As it is, the Cardinals are just hoping for one more of those brainstorm sessions at 45,000 feet.

Tampa, anyone?

sam.farmer@latimes.com (sam.farmer@latimes.com)

tornadospotter
02-06-2009, 01:32 AM
Nice read, may he write us in to the Super Bowl.

chiefsfreak4life
02-06-2009, 08:04 AM
Good read! Haley does have a good football mind and I hope he can bring the Chiefs back to being winners!

slc chief
02-06-2009, 08:11 AM
is he even our coach yet did i miss something has he signed yet?

YZILLA
02-06-2009, 09:25 AM
I guess he has otherwise every sports writer in the country is wrong.Its on ESPn, Yahoo,MSN,NFL Network , Sirius.

chiefnut
02-06-2009, 09:30 AM
A good OC doesn't always a good head coach make.
and there is that problem of have the worst defense in the nfl.

N TX Dave
02-06-2009, 09:59 AM
A good OC doesn't always a good head coach make.
and there is that problem of have the worst defense in the nfl.

On the other hand just because he is a good OC doesn't always a bad HC make. It falls both ways.

The big key to me is what he does with the DC and if he keeps his hands out of it and lets the DC run the D any type of D he wants to. Then he also has to show an interest in the D and not favor the O in practice like Dick did. If you have one of the top offenses your defense only has to be middle of the road to be a good team.

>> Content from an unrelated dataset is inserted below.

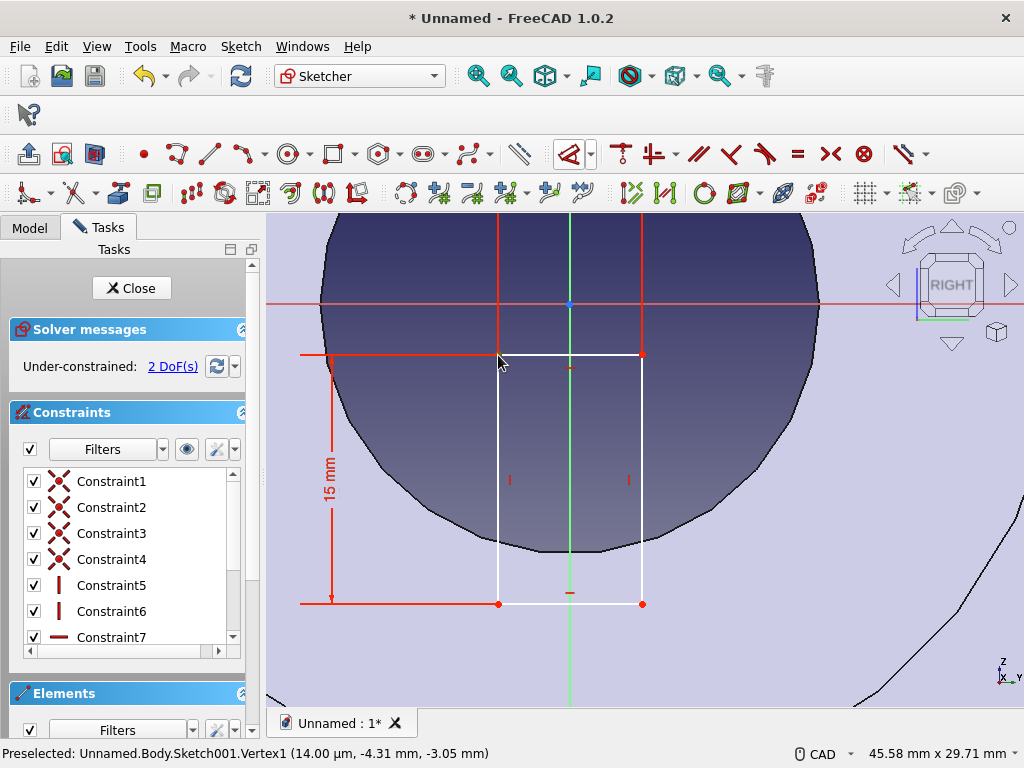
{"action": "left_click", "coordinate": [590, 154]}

:yahoo: GO CHIEFS!!!! :yahoo: :sign0098:

chiefnut
02-06-2009, 10:10 AM
On the other hand just because he is a good OC doesn't always a bad HC make. It falls both ways.

The big key to me is what he does with the DC and if he keeps his hands out of it and lets the DC run the D any type of D he wants to. Then he also has to show an interest in the D and not favor the O in practice like Dick did. If you have one of the top offenses your defense only has to be middle of the road to be a good team.

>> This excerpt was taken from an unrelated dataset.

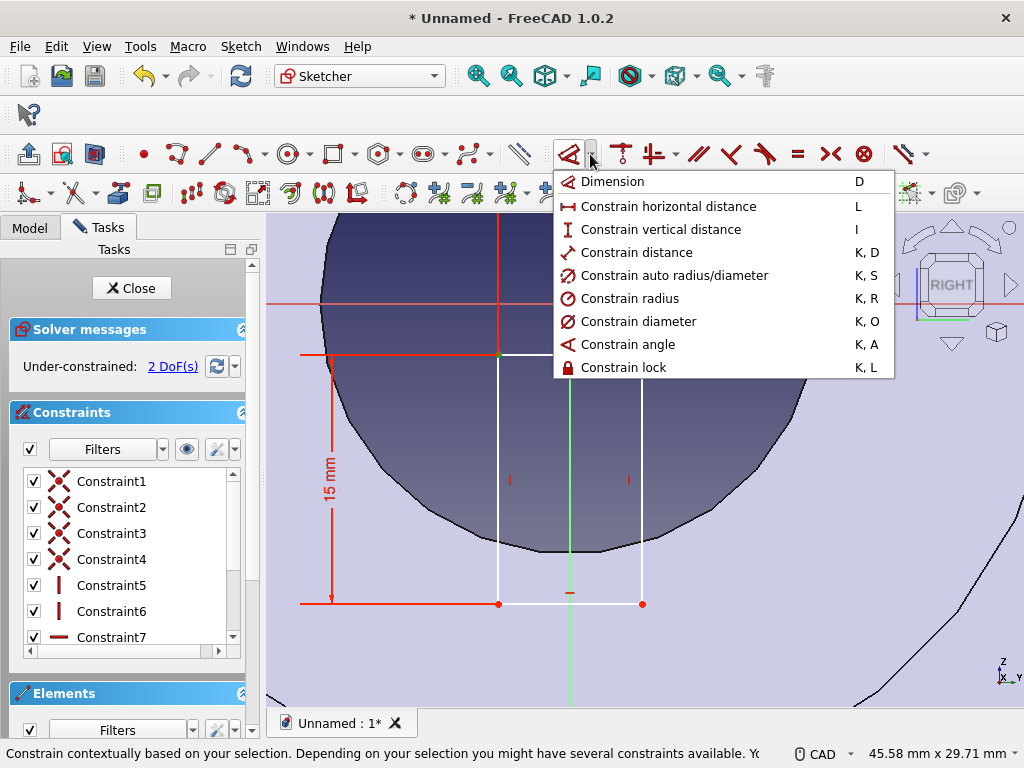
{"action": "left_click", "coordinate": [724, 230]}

:yahoo: GO CHIEFS!!!! :yahoo: :sign0098:


true, but a really good defense can make even an average offense look better w/field position, & turn overs. if i had my druthers i'd build from the defense up.:D

honda522
02-06-2009, 10:41 AM
Change has come, at last! I am glad they are finally getting a ball rolling. They needed to hire a head coach soon, even before the draft. Now I am hoping Tony will stay.

N TX Dave
02-06-2009, 10:56 AM
true, but a really good defense can make even an average offense look better w/field position, & turn overs. if i had my druthers i'd build from the defense up.:D

I am not sure which I like more we have seen both here in the past Marty's Defensive teams of the 90's that could beat the average teams but not win in the playoffs because they could not stop the top teams from scoring enough to win. Then we all saw what happen to Dick's team that would score 35 points but give up 36 and lose again they could stop the average team from scoring every time but could not stop the top teams.

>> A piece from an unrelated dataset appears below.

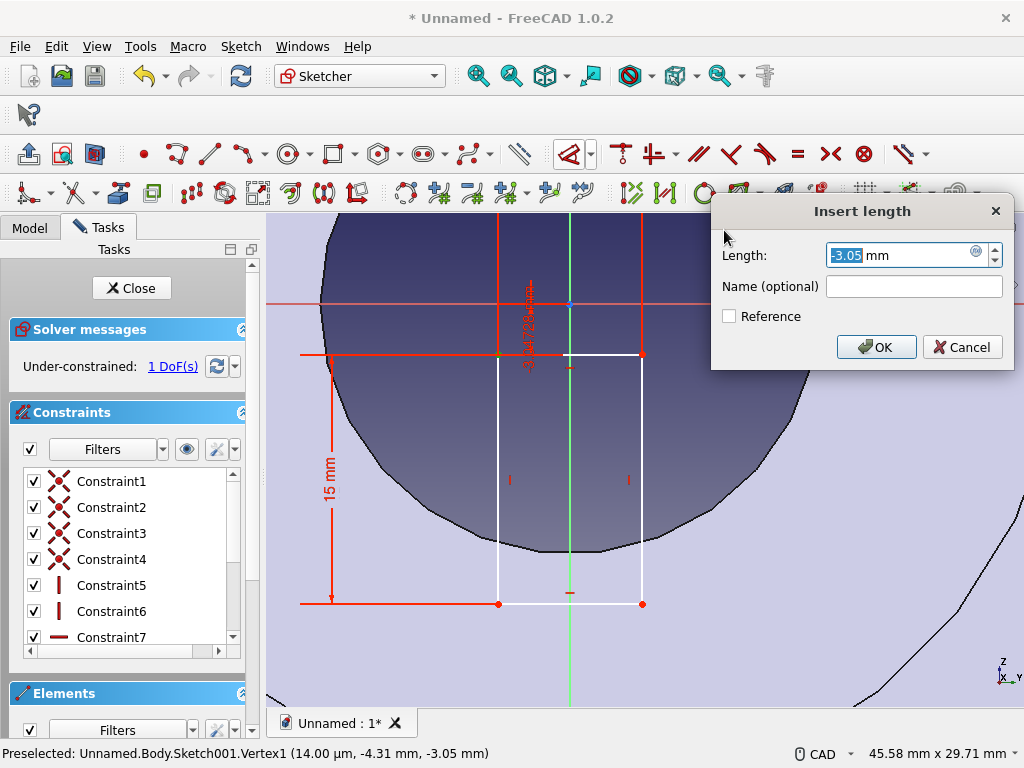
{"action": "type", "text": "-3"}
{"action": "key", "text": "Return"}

So I think is it time we had a good offense and a good defense and see what happens. I would settle for a great offense and a good defense.

:hyper: :owws: :schlacht: :francis::drunkhb:

chiefnut
02-06-2009, 11:09 AM
I am not sure which I like more we have seen both here in the past Marty's Defensive teams of the 90's that could beat the average teams but not win in the playoffs because they could not stop the top teams from scoring enough to win. Then we all saw what happen to Dick's team that would score 35 points but give up 36 and lose again they could stop the average team from scoring every time but could not stop the top teams.

So I think is it time we had a good offense and a good defense and see what happens. I would settle for a great offense and a good defense.

:hyper: :owws: :schlacht: :francis::drunkhb:

absofreakinlutely:sign0098: :toast2:

Marty's downfall was his conservative "offense" playcalling in the playoffs, after 30 years he finally changed his ways in sandiego and his players botched it and blew the game for him, that was sad.